Hello everyone. My name is Casey Solomon-Filer and I am an evaluation consultant in the Chicago area with a background in international development. Working as a project assistant outside of the US, I was drawn to evaluation as a method of shifting the power of decision-making from international funders to local communities. Over the past few years, I moved the focus of my work from international projects to more local and national evaluations. I think evaluation jobs should go to people who live in the country, who know the culture, who are a part of the community. Local evaluators can mean better projects and maximizing the project funding going into the local economy.

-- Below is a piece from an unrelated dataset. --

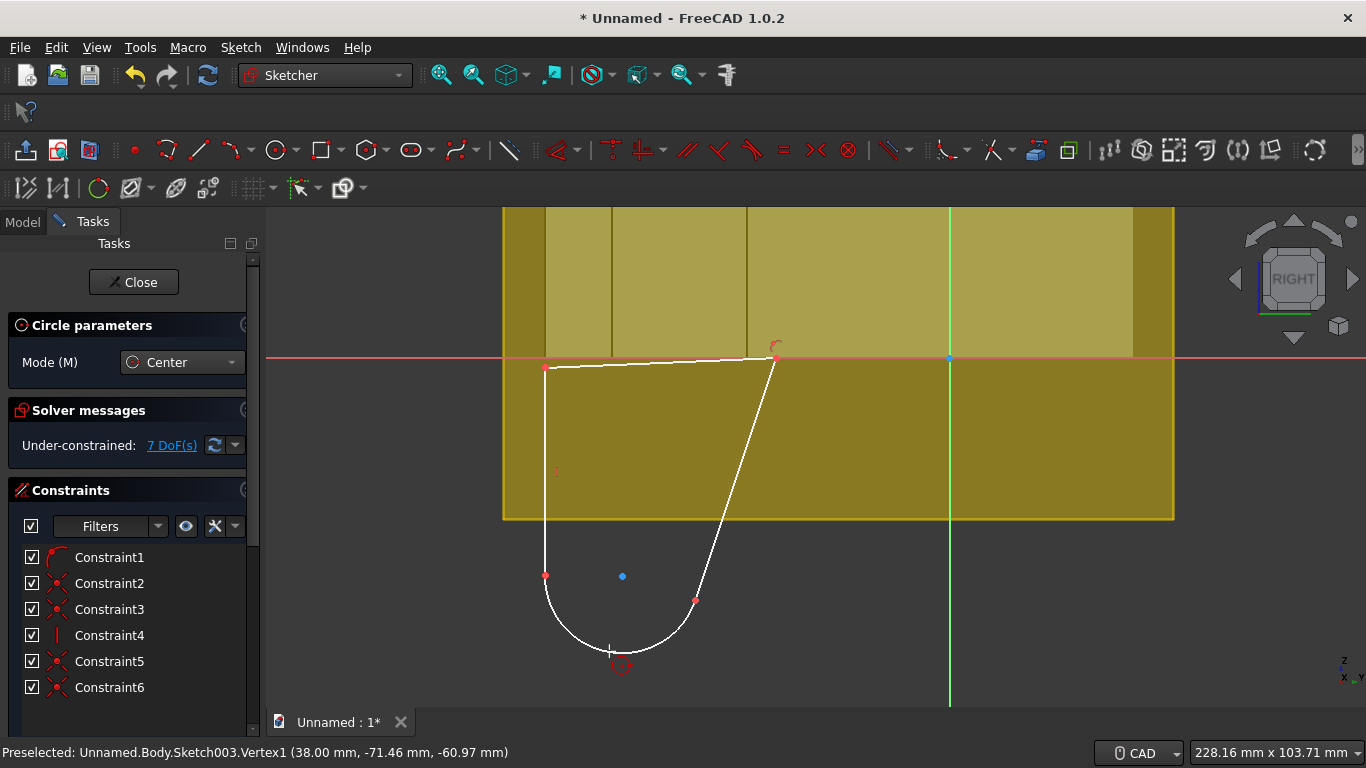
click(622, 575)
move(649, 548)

However, that’s not always how things work out. I am currently consulting on a youth vocational training project in Yemen, a beautiful and amazing country where I lived and worked for almost four years. The team had tried to hire a local evaluator, but there are few in the area and the team could not find an appropriate match. Foreigners have left Yemen, so someone else on the ground was not possible. They brought me on towards the latter half of the project to help the team identify gaps in data for reporting. My role necessitates collaboration with mostly one person, but as we have worked together we have started bringing the entire team into our discussions on evaluation skills and evaluative thinking. This blog post is about why I am trying to focus on helping the local team to build evaluation capacity and evaluative thinking skills when working on international projects.
Lessons Learned:
- Helping local team members to develop evaluation capacity and evaluative thinking skills will help them to move into evaluation roles in the future. In areas where local evaluators do not seem to be an option, focusing on building skills and understanding seems like the most ethical approach I can take.
- Make time to discuss values and ethics. Share the AEA Guiding Principles, the DAC Criteria for Evaluating Development Assistance, or other relevant evaluation association guidelines with the team, and discuss how those guidelines apply to the project. I find these discussions to be the most rewarding as we identify and unite around our shared values and hopes for the community.
- Cultural Responsiveness is paramount. I remind myself that I may have more experience in evaluation, but everyone in the country of Yemen knows the culture, language, and sociopolitical complexities of the moment much more than I ever will. I am there to serve them.
Hot Tip:
- Suggest an evaluation capacity building (ECB) element be added to the initial project proposal. ECB can be framed for funders as an effort to strengthen accountability and transparency in the public sector and civil society.
Rad Resource:
- Timothy Mitchell’s Rule of Experts helped me to better put into context and question the complex power structures of international development, history, and modern imperialism.